Studies are in progress to produce validated data on virus survival in different media, but unpublished data from experimental studies here at the Veterinary Laboratories Agency indicate good viability of viral RNA on dried swabs stored at 4 °C. Placing faecal material into aqueous solution may be detrimental to the stability of the RNA if the pH is not buffered to neutral values. The procedures used conform to international protocols endorsed by the European Union’s wild bird surveillance programme.

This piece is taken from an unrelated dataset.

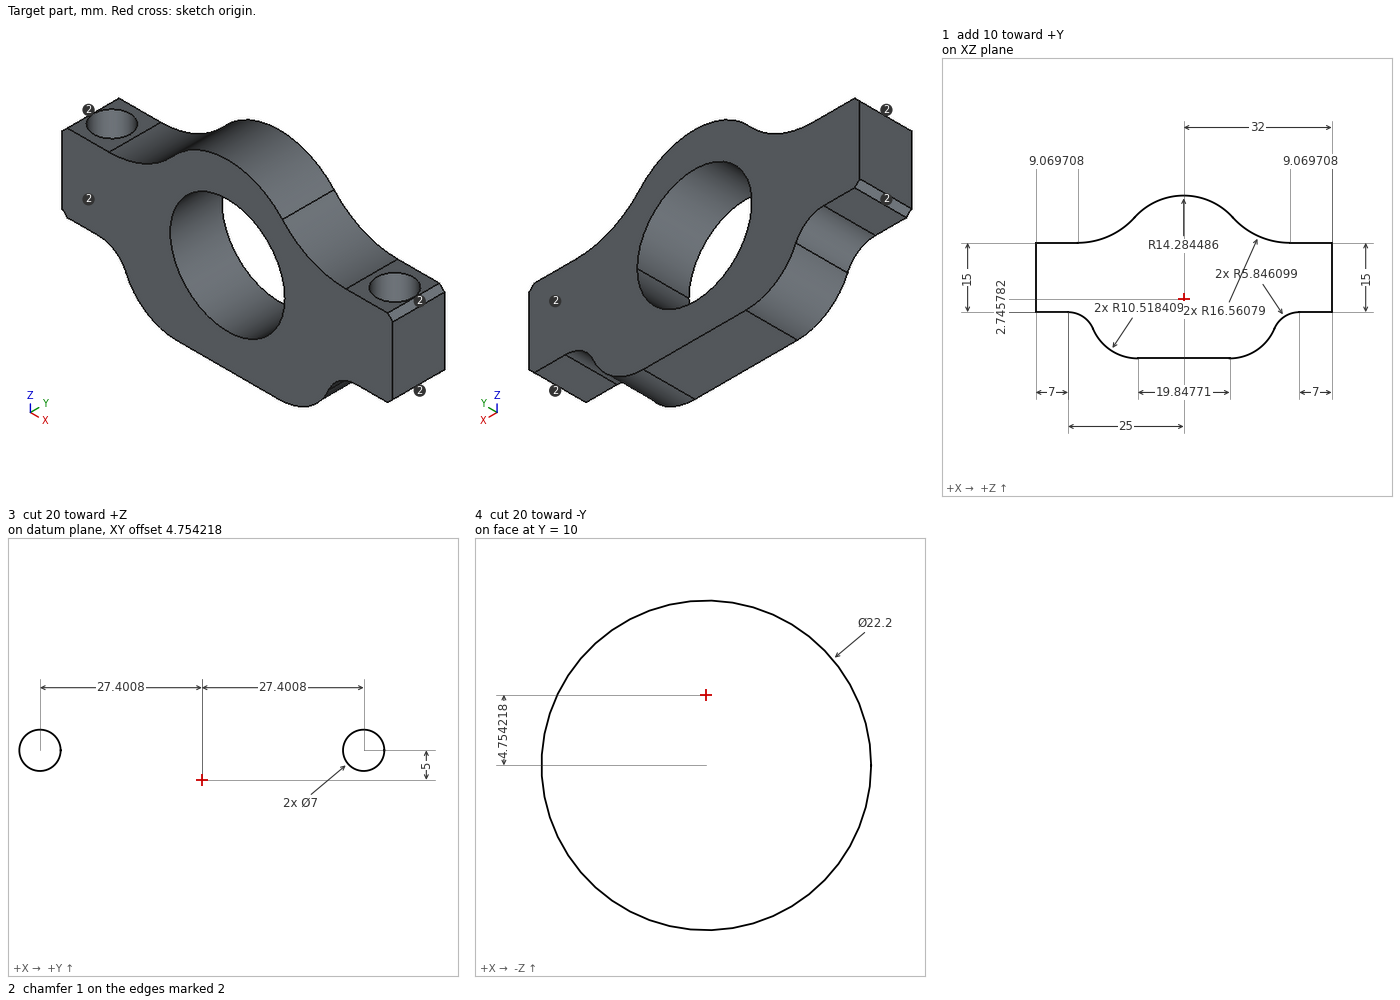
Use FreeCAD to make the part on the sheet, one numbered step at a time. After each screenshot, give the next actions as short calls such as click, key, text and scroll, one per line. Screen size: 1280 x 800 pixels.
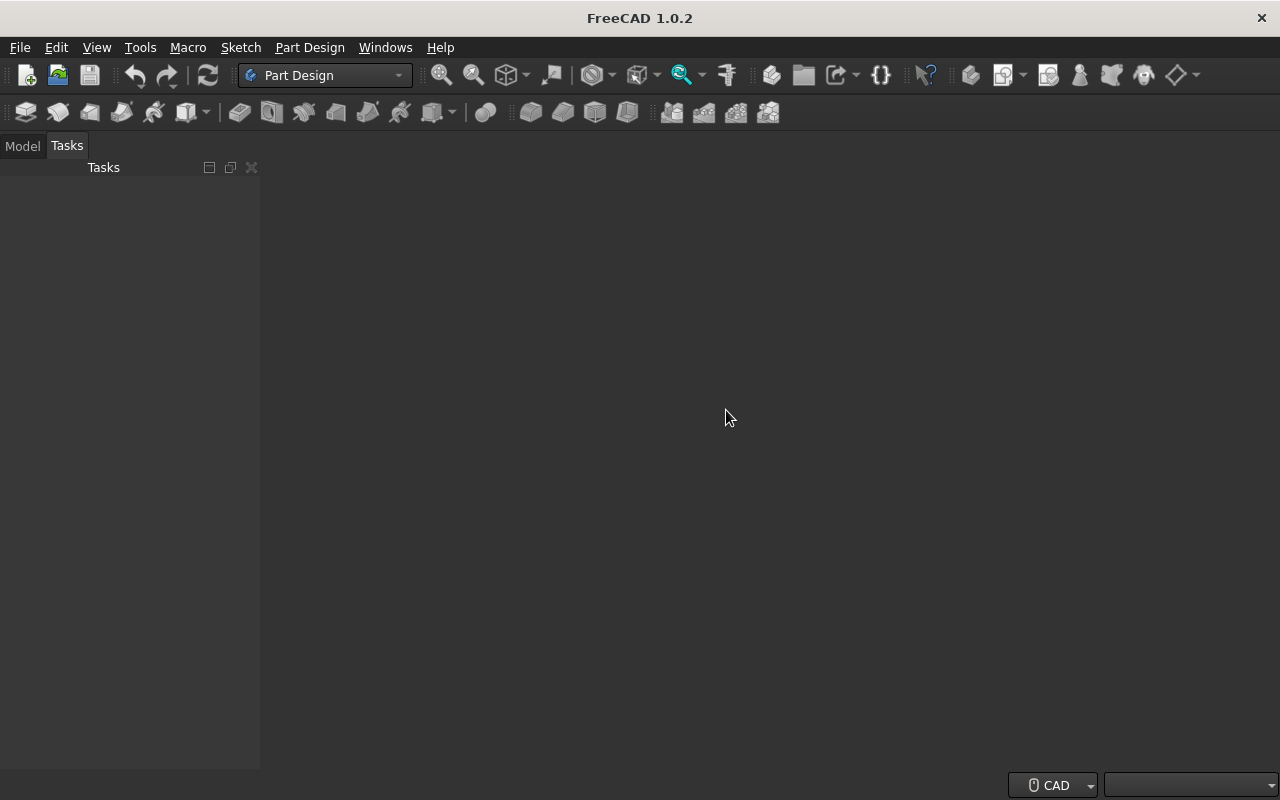
click(26, 76)

We have not seen the validation data relating to the method used by Olsen but direct comparisons between “dried swabs” and the use of transport medium will be important. The survival properties of viruses in different environments and media are currently being studied at the VLA, and part of this will be stability of virus from faeces.

From Graeme Laver

The survey you reported seems to have isolated fewer than expected avian influenza viruses from wild birds in the UK, and the way the samples were collected and stored could be to blame. On one of our trips to the Great Barrier Reef in the 1970s we collected 642 cloacal swabs from healthy shearwaters and terns, from which we isolated nine low-pathogenicity influenza viruses. Other surveys seem to have had a similar isolation rate.

We used dry swabs to collect the samples from the birds’ cloacas. These were immediately put into tubes containing 2 millilitres of tissue culture growth medium and then snap frozen in liquid nitrogen. The samples were never allowed to dry out or stored at the temperature of a domestic freezer, which would have destroyed the virus, for sure.

Nowadays, cloacal samples are tested for virus using PCR to amplify RNA, so virus in the samples does not have to be kept “alive” unless viable virus is required for further experiments. If liquid nitrogen is not easily available, cloacal swabs for PCR can be put straight into ethanol, which destroys the virus but preserves the RNA.

I don’t know if the refrigerated swabs that had dried out (as reported in your article) were still suitable for PCR analysis, but I suspect from the results that they were not. But why on earth do this? Putting the samples into ethanol is no big deal.

Murrumbateman, New South Wales, Australia

Debora MacKenzie writes:

• We asked the UK’s Department for Environment, Food and Rural Affairs, which runs the VLA, whether it would evaluate different methods for preserving bird flu virus in field samples. DEFRA said it is “looking into the possibility of conducting a trial in this area”.